These two breakthroughs, however, are not even related to the true reasons for which Suess is famous in the Earth sciences. The first of these reasons is Suess’s development and later refinement of the carbon-14 (radiocarbon) method of isotopic dating. He determined experimentally that the relative concentrations of carbon-14 and nitrogen-14 could determine the absolute age of organic matter within the past 5,000 years or so. This method is now used extensively in archaeology as well as recent geologic features and processes. Papers on this research include, “Radiocarbon in Tree Rings,” among others. Suess also collaborated with roger revelle to document the increase of carbon dioxide in the atmosphere and the greenhouse effect. The way that Suess determined the amount of added industrial carbon was by using isotopes. Because industry relies so heavily on fossil fuels, the carbon introduced into the atmosphere comes from old sources (oil, gas, and coal) rather than wood. Old carbon has no radioactive isotopes because it has all decayed away. Therefore the component of radioactive carbon in the atmosphere is continually diluted by the addition of nonradioactive carbon. Wood from 1890 is used as the standard against which the atmospheric carbon is compared. This dilution is referred to as the “industrial effect” or the “Suess effect.” This and other work on radioactive elements are included in the paper “Radioactivity of the Atmosphere and Hydrosphere.”

Hans Suess was born on December 16, 1909, in Vienna, Austria. He was the son of Franz Suess, a former professor of geology at the University of Vienna, Austria, and the grandson of Ed-uard Suess, who wrote the book, The Face of the Earth, an early work on geochemistry. Even though he had geology in his blood, Hans Suess studied chemistry and physics at the University of Vienna through graduate school. He graduated with a Ph.D. in chemistry in 1935. He was a postdoctoral fellow at the Institute of Chemical Technology in Zurich and the First Chemical University Laboratory in Vienna. In 1938, Suess joined the faculty at the University of Hamburg, Germany, in physical chemistry. He married Ruth Viola Teutenberg in 1940; they would have two children. During World War II, Suess was enlisted into a group of German scientists who were charged with developing atomic weapons. He was also a scientific adviser to the heavy water plant in Vermok, Norway. In 1950, Suess was coaxed to immigrate to the United States where he spent time at the University of Chicago, Illinois, as a research associate working with Nobel laureate Harold Urey. He obtained a position as a physical chemist with the U.S. Geological Survey in 1951 but accepted an offer from Roger Revelle to join the Scripps Institution of Oceanography in La Jolla, California, in 1955. He became one of the first four professors appointed to the faculty at the University of California at San Diego when it was established in 1958 by Roger Revelle. He retired to professor emeritus in 1977, but remained active through the rest of his life including as a visiting scientist at the Geophysical Laboratory at the Carnegie Institution of Washington, D.C. Hans Suess died on September 20, 1993.
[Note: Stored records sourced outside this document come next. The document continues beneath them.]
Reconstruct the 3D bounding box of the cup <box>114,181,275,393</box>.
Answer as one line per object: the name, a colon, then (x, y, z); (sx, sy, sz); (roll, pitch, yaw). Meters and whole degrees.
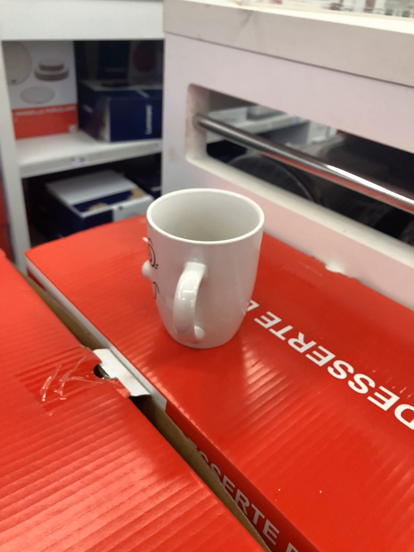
cup: (-0.005, 0.001, 0.340); (0.092, 0.092, 0.124); (7, 32, 2)
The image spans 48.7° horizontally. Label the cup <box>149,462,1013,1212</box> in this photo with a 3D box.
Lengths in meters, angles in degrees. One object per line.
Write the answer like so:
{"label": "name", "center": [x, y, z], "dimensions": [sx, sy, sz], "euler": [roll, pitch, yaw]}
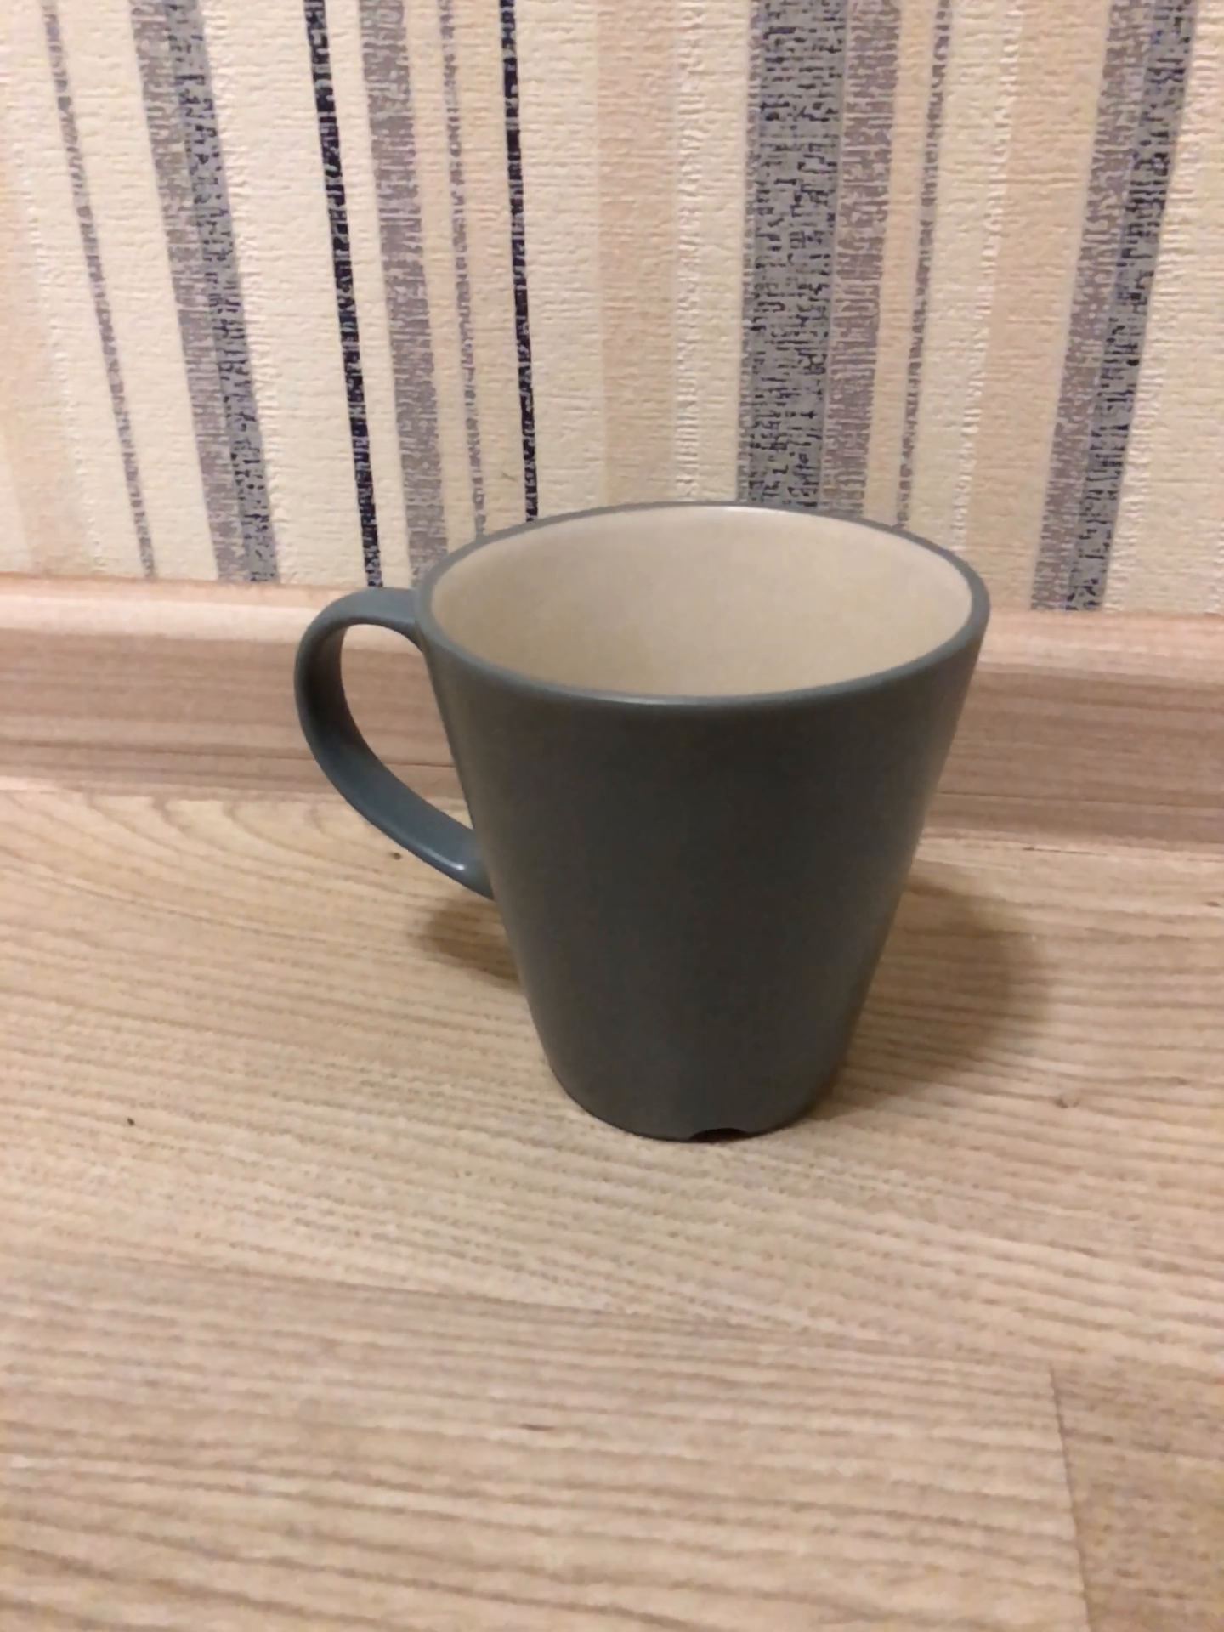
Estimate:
{"label": "cup", "center": [0.001, -0.007, 0.257], "dimensions": [0.124, 0.089, 0.096], "euler": [10, 30, 18]}
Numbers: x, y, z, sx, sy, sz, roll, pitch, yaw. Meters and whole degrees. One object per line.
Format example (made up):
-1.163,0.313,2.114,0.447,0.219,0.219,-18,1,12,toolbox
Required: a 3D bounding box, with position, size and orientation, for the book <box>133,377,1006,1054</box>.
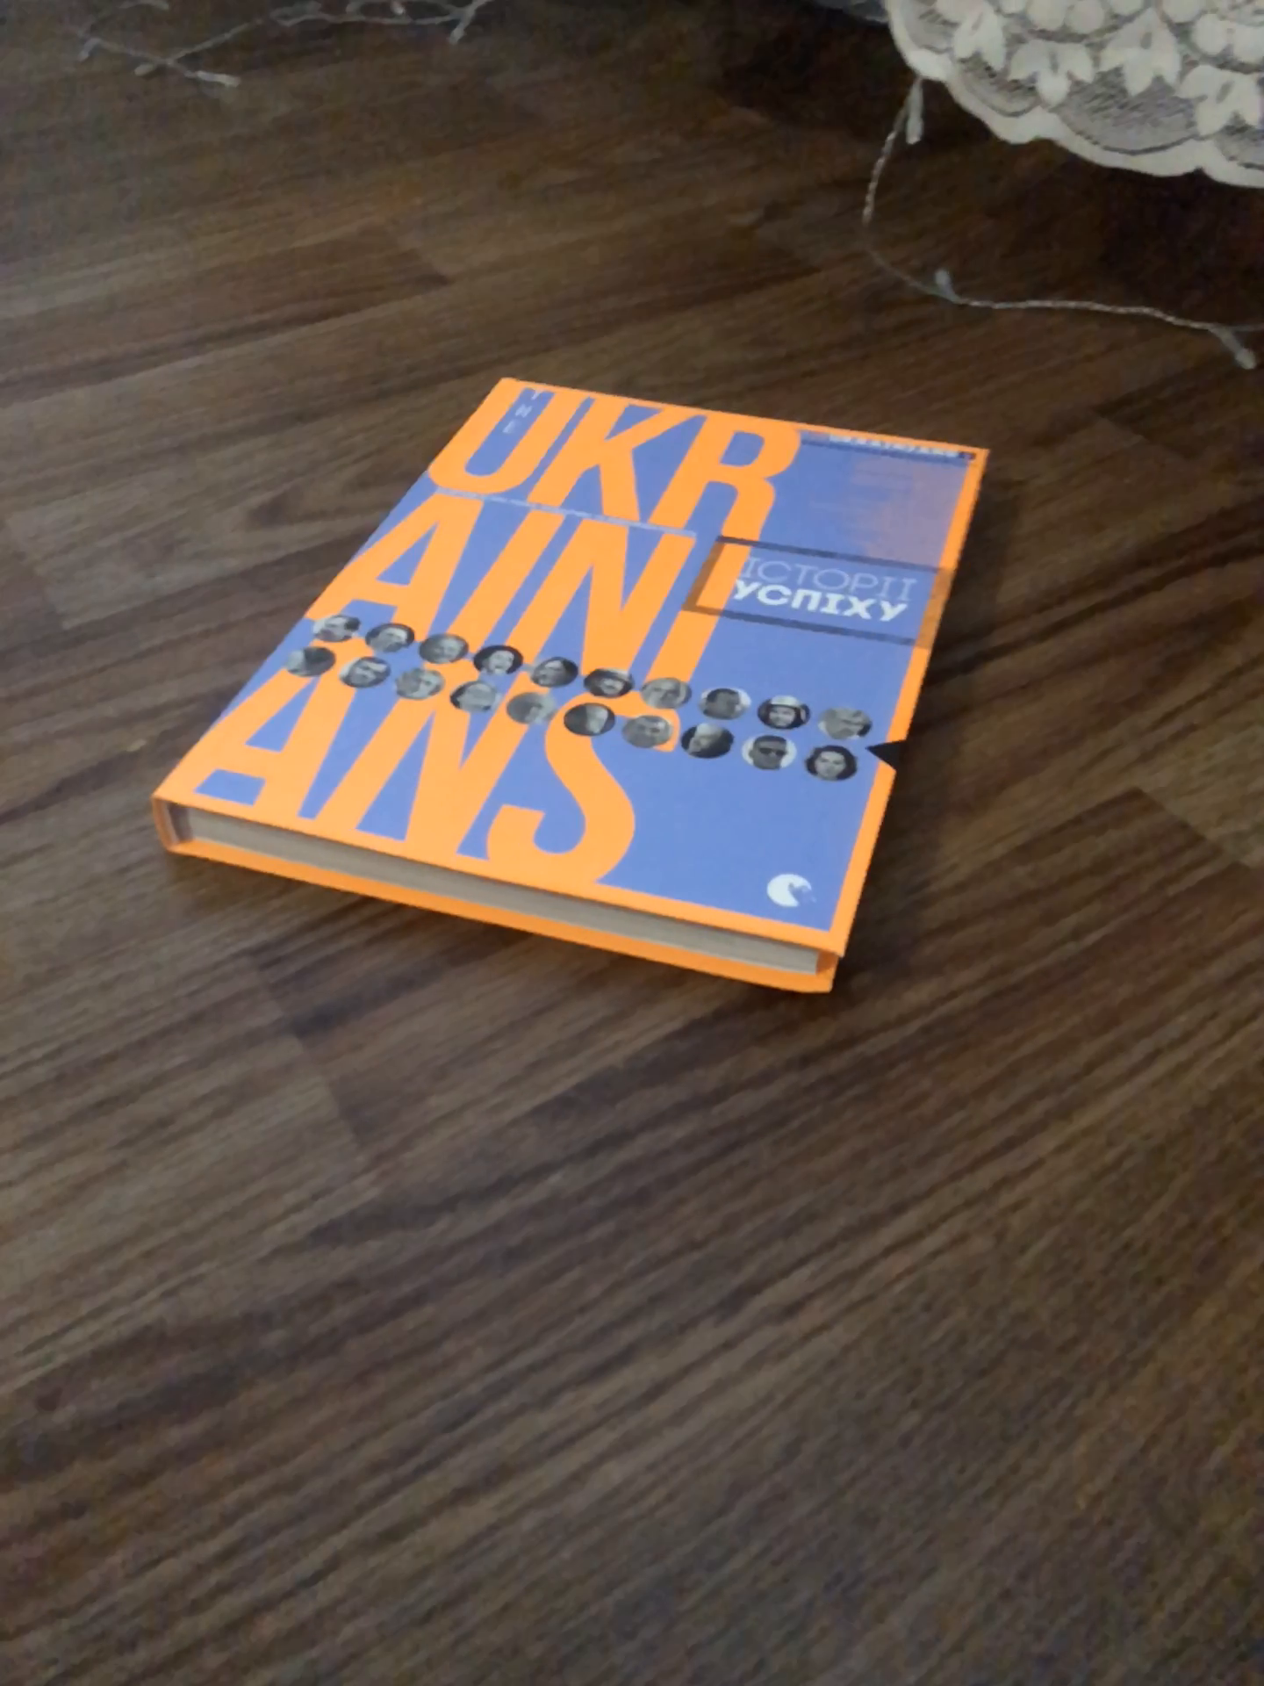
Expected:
0.001,-0.054,0.370,0.164,0.020,0.217,13,46,12,book
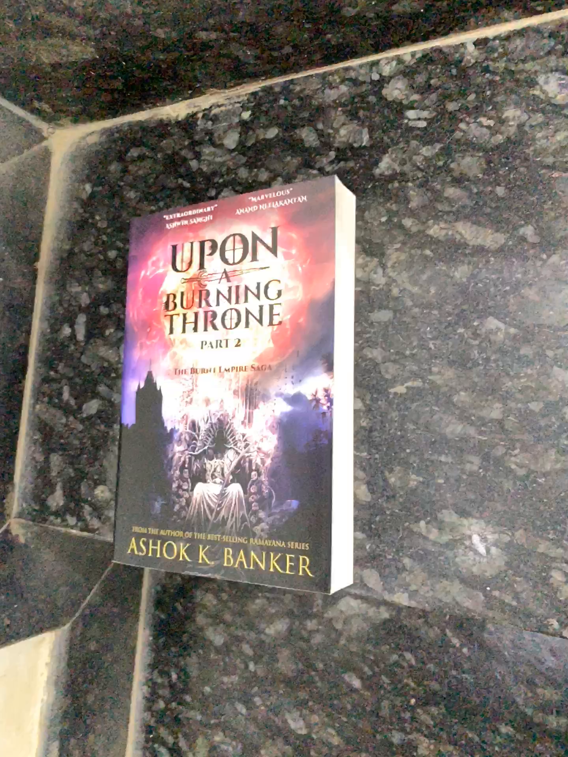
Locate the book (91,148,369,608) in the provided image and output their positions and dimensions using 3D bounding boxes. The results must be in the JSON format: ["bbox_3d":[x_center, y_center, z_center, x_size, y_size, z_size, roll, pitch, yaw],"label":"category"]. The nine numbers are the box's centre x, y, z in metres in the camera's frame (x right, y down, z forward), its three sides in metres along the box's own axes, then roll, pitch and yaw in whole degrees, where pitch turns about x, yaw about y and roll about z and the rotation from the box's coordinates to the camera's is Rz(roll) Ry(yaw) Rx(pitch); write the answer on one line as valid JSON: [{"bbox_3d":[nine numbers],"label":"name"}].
[{"bbox_3d":[-0.029,-0.001,0.300,0.140,0.030,0.200,-3,81,28],"label":"book"}]

Hans Suess was very productive during his career, having been an author of more than 150 scientific articles. Until 1950, nearly all articles were in German and even after that some were. Several of these papers are benchmarks in science on radiocarbon dating, the greenhouse effect, the nuclear shell model, and the origin and synthesis of the elements. Suess was recognized for his contributions to science with several prestigious honors and awards. He was a member of the National Academy of Sciences, the American Academy of Arts and Science, the Heidelberg Academy of Science, and the Austrian Academy of Science. He was awarded an honorary doctoral degree from Queens University in Belfast, Ireland, in 1980. He received the V.M. Goldschmidt Medal from the Geochemical Society, the Leonard Medal from the International Meteoritical Society, the Von Humboldt Prize from the Humboldt Society, and a Guggenheim Fellowship.